Trainings Time: 0.11668825149536133
Prediction Time: 0.10491585731506348
---------------------------------------
Random Forest accuracy: 0.829587748955877


### Support Vector Machine

In [14]:
from sklearn.svm import LinearSVC

scaler = StandardScaler()
X_std = scaler.fit_transform(X)
svc_clf = LinearSVC(C=1.0)

t0=time.time()
svc_model = svc_clf.fit(X_std, y)
print("Trainings Time:", time.time()-t0)

t0=time.time()
y_pred = svc_model.predict(X_test)
print("Prediction Time:", time.time()-t0)

svc_acc = accuracy_score(y_pred, y_test)
print("---------------------------------------")
print("Support Vector Machine accuracy:", svc_acc)


Trainings Time: 4.12811279296875
Prediction Time: 0.015109777450561523
---------------------------------------
Support Vector Machine accuracy: 0.22280307980793818


### Adaboos Classifier

In [15]:
from sklearn.ensemble import AdaBoostClassifier

ab_clf = AdaBoostClassifier(n_estimators=50,
                         learning_rate=1,
                         random_state=0)

t0=time.time()
ab_model = ab_clf.fit(X, y)
print("Trainings Time:", time.time()-t0)

t0=time.time()
y_pred = ab_model.predict(X_test)
print("Prediction Time:", time.time()-t0)

ab_acc = accuracy_score(y_pred, y_test)
print("---------------------------------------")
print("Adaboost accuracy:", ab_acc)

Trainings Time: 2.0581631660461426
Prediction Time: 0.11470794677734375
---------------------------------------
Adaboost accuracy: 0.8312924396965651


### Logistic Regression Classifier

In [17]:
from sklearn.linear_model import LogisticRegression

scaler = StandardScaler()
X_std = scaler.fit_transform(X)

lr_clf = LogisticRegression(random_state=0)

t0=time.time()
lr_model = lr_clf.fit(X_std, y)
print("Trainings Time:", time.time()-t0)

t0=time.time()
y_pred = lr_model.predict(X_test)
print("Prediction Time:", time.time()-t0)

lr_acc = accuracy_score(y_pred, y_test)
print("---------------------------------------")
print("Logistic Regression accuracy:", lr_acc)

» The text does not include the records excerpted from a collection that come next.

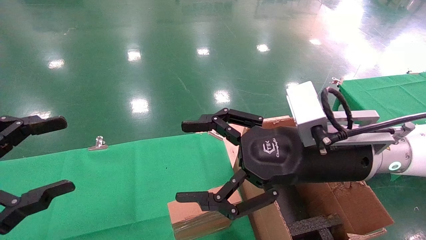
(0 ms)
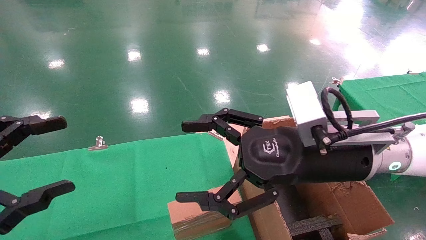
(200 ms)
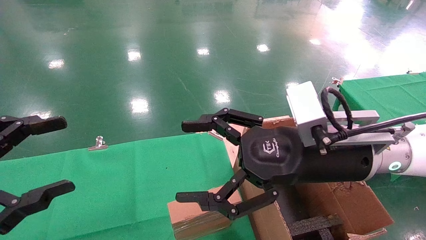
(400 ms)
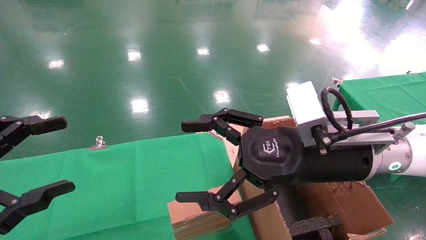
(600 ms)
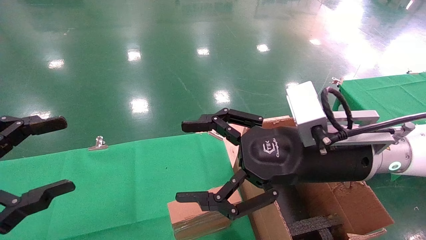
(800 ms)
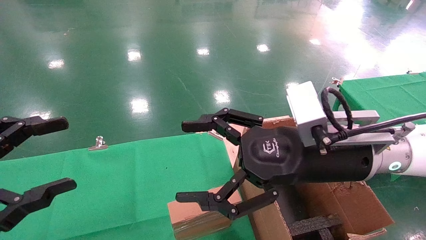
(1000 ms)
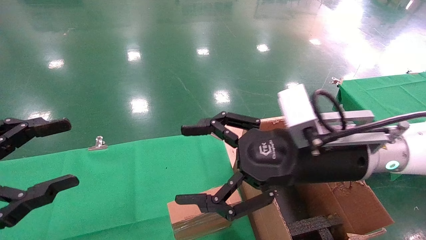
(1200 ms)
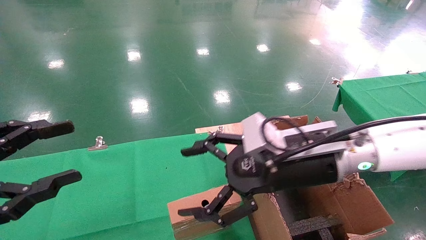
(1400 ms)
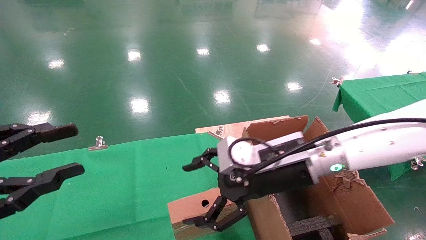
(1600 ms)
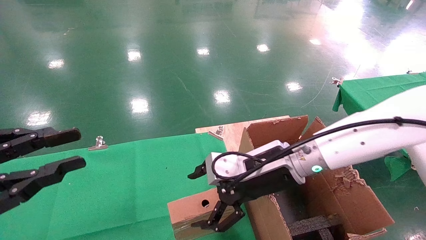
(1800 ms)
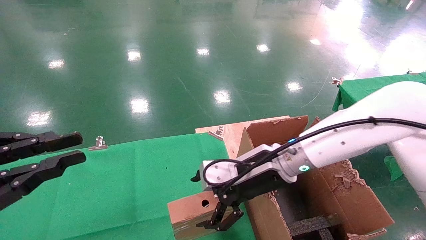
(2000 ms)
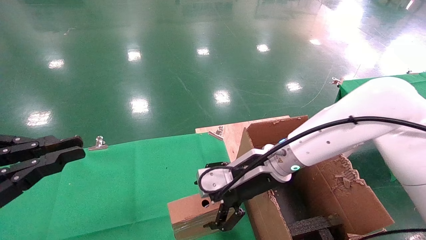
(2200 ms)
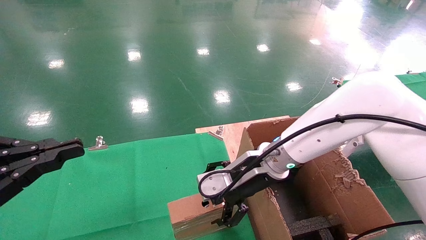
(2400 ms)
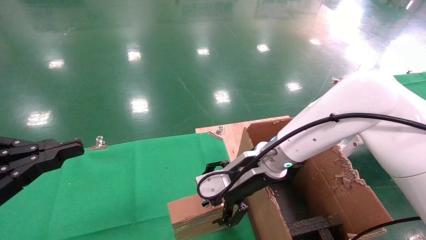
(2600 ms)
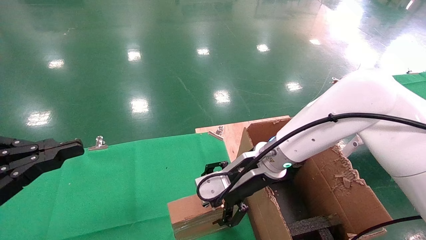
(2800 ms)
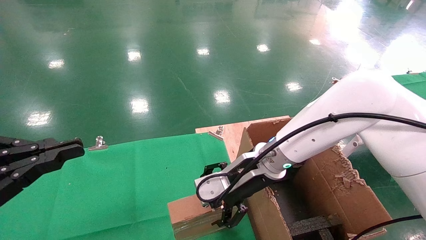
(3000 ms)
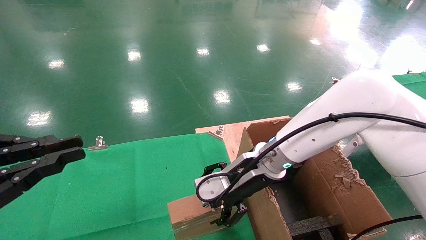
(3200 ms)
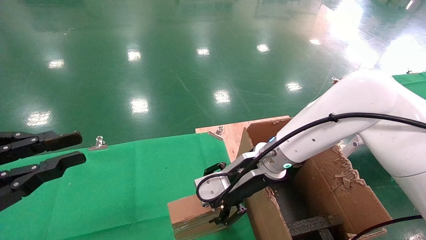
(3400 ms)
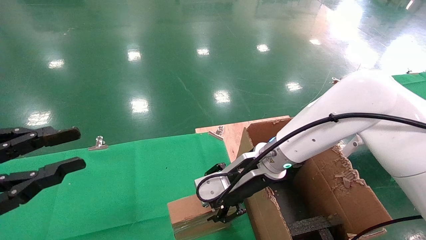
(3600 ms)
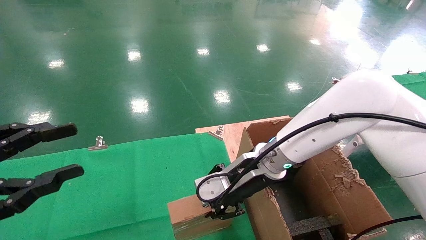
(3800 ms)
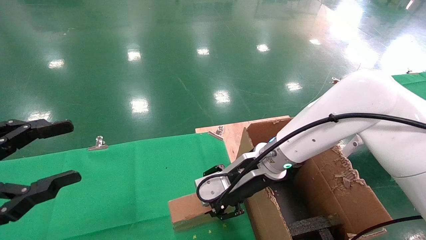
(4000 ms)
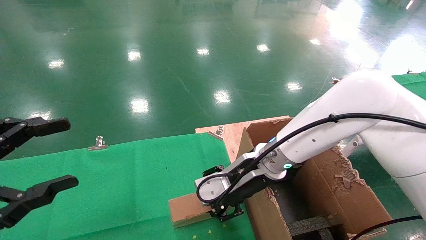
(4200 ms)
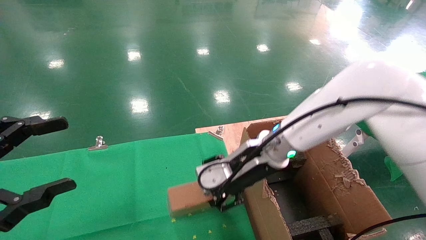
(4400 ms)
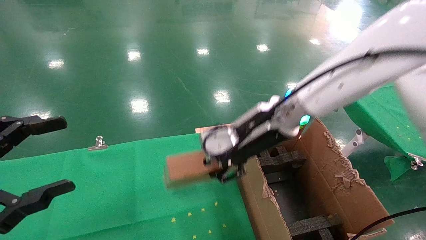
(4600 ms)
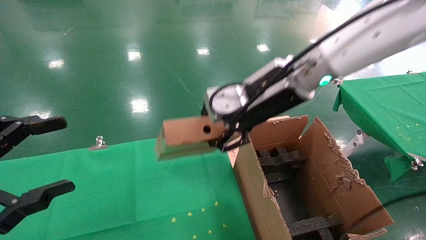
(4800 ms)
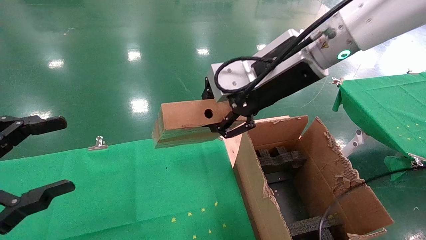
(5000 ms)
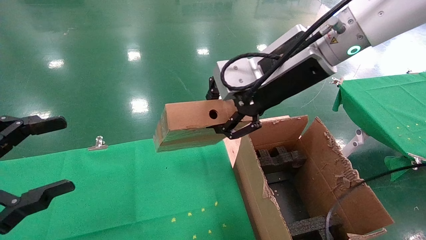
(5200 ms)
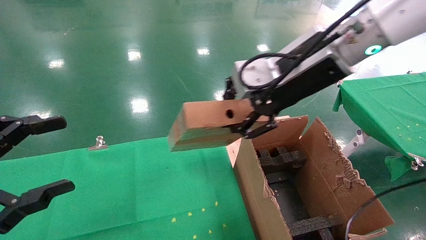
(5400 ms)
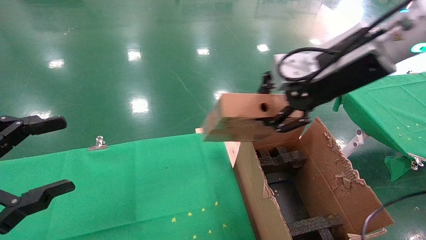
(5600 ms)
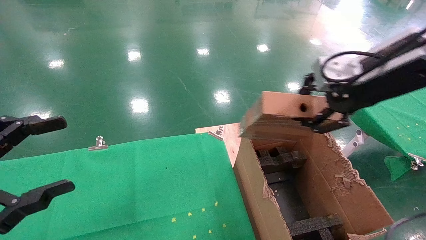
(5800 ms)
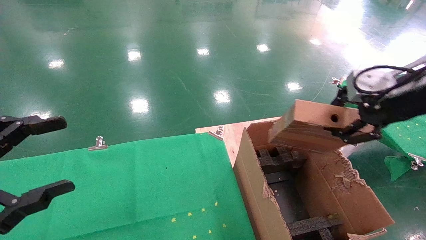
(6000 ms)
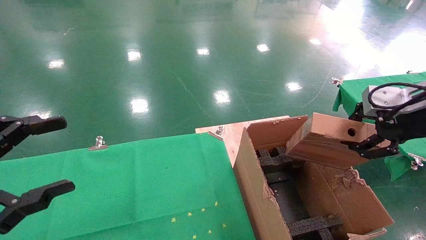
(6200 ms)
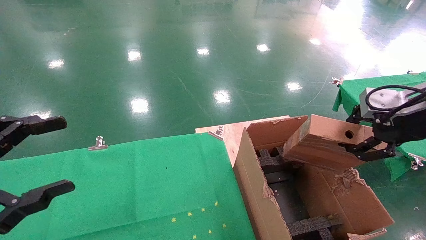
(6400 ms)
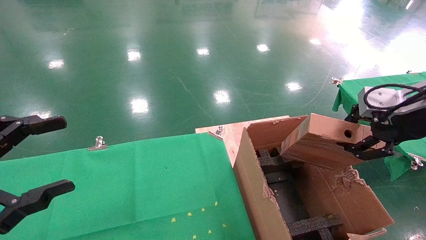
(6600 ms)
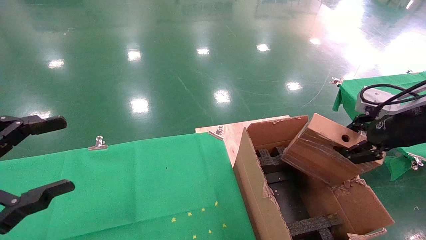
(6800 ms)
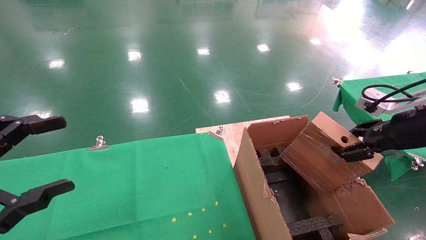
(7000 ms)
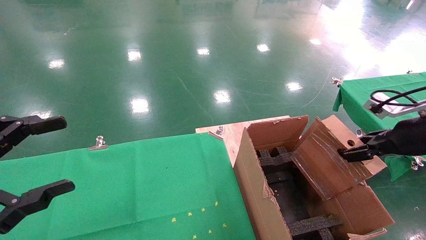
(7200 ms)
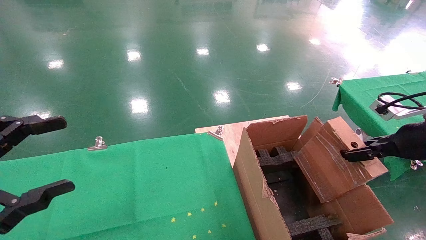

Trainings Time: 0.1550908088684082
Prediction Time: 0.000997304916381836
---------------------------------------
Logistic Regression accuracy: 0.22280307980793818


### Conclusion

As we can see, adaboost is outperforming all other models by a significant amount when it comes to the training the model and predictions.

Im not enitrely sure why the logisitic regression model is underperforming, so it will need further investigations. 
Considering the current technical setup, I would pick the adaboost classifier folowed by decision tree classifier.